1 双方は,日中間の四つの基本文書の諸原則と精神を遵守し,日中の戦略的互恵関係を引き続き発展させていくことを確認した。

2 双方は,歴史を直視し,未来に向かうという精神に従い,両国関係に影響する政治的困難を克服することで若干の認識の一致をみた。

3 双方は,尖閣諸島等東シナ海の海域において近年緊張状態が生じていることについて異なる見解を有していると認識し,対話と協議を通じて,情勢の悪化を防ぐとともに,危機管理メカニズムを構築し,不測の事態の発生を回避することで意見の一致をみた。

4 双方は,様々な多国間・二国間のチャンネルを活用して,政治・外交・安保対話を徐々に再開し,政治的相互信頼関係の構築に努めることにつき意見の一致をみた。

 要約すれば、両国は歴史認識と領有権について、”agree to disagree”つまり双方の見解が一致しないことを認め合い、その上で対話を再開するということである。両首脳も会談でこれを確認し、防衛当局間の海上連絡メカニズムの実務協議が再開される見込みである。

日本側は何かを譲ったわけではない

 実は、今回日中両政府が発表した文書には4つのバージョンが存在する。日中が協議のベースとした日本語版に加えて、中国の外務省が訳した中国語版、さらに日中それぞれが作成した英訳版があり、それぞれが、細部の表現やニュアンスで異なっている。

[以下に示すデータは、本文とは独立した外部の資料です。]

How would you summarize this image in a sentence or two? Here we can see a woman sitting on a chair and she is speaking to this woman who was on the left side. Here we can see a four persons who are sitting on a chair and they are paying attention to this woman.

特に、日中が異なる見解を有しているとされた東シナ海の緊張状態について、日本側の文章が「海域」をめぐって緊張が発生しているという表現になっているのに対して、中国側は「島」をめぐって発生していると表現している。つまり、日本側は中国の政府公船が領海に侵入することが緊張を生み出していると理解しているのに対し、中国は日本政府による尖閣諸島の購入が緊張を生み出したと解釈しているのである。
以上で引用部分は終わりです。